RPC also has a lot going for it and there are some cases where I would pick it over REST. Caching is not always very important and when it isn’t, the benefits REST are not as apparent. Most RPC protocols already have the capability out of the box to construct objects (for SOAP — very complex objects) from web service calls. They also usually have introspection methods or WSDL to figure out what services are available. These would need to be built by a crafty REST service developer. RPC, however, doesn’t take much advantage of the HTTP protocol in that most requests are just POST requests with an RPC payload. At the same time, every HTTP implementation supports POST and not all of them support PUT or DELETE.
Next Steps
Django has a few libraries to help with REST interfaces, but nothing I’ve seen is that great. I am going to look into creating one or contributing to an existing project. Here are some things I’d like to see in a REST API:
- In the Django 1.1 development version, PUT, DELETE, OPTIONS and HEAD are available in django.test.client.Client. A REST interface should use them by default and have another mechanism for clients that do not support these lesser used HTTP methods.
- caching and ETags
- different output formats (eg. XML and JSON)
- service/resource discovery or introspection (similar to WSDL or system.listMethods)
- a client library than can generate complex native python objects given a URI
- models and other sources of data as REST resources
- integration at some point with the Django trunk!
What’s Already Out There
There’s a few Django projects for making data available via REST. These efforts seem to have stalled or be in infant stages.

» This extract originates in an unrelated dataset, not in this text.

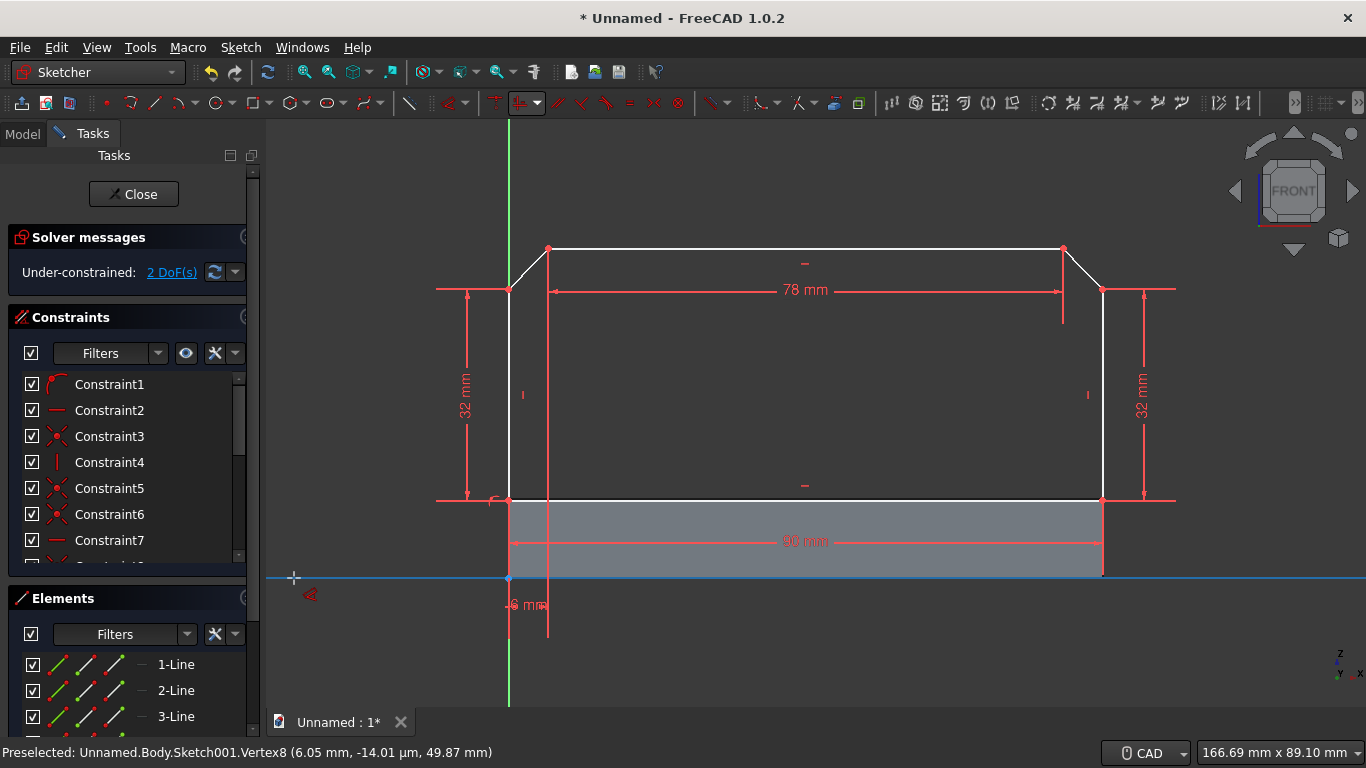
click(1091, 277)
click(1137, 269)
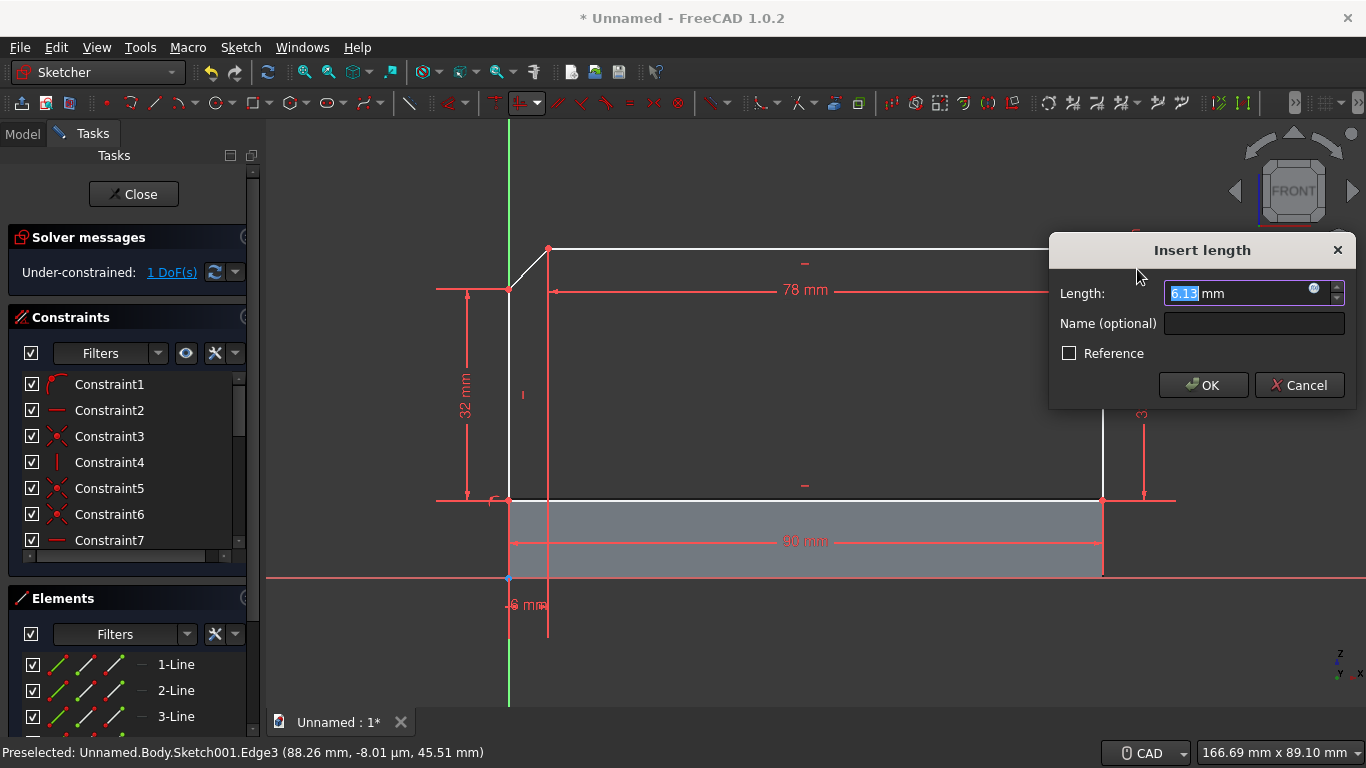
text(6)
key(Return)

- Django model views — A GSoC project to make Django model data available via REST.This project never seemed to get far off of the ground. I don’t think it has been updated much since 2007.
- Django REST interface — Another GSoC project to create RESTful interfaces.There seem to be some active users of this one and it seems to be more fully featured than the above model views project. However, it has stalled and there hasn’t been much work on it in the past few years.
- Django RESTAPI — Another project to make models available via REST.This project seems to have been more recently updated and it seems ok, but it still isn’t ready for prime time or in Pypi.
- RESTinPy — A sourceforge project that makes data available in REST.
This project seems somewhat advanced but it hasn’t been updated since the first cut was put onto sourceforge and Pypi. - DAPI — Another model to REST mapping module
Reading
- HTTP protocol
- Fielding’s dissertation on REST — the inspiration of REST
- REST Worst Practices — by Jacob Kaplan-Moss of Django fame
- Creating a REST protocol
- Common REST mistakes
- A counterpoint on why Django may not need a REST API
Edit (July 15, 2010): I wrote an update involving Piston, a popular REST framework for Django.
Update (September 7, 2011): There were some updates on what folks in the community were using at Djangocon.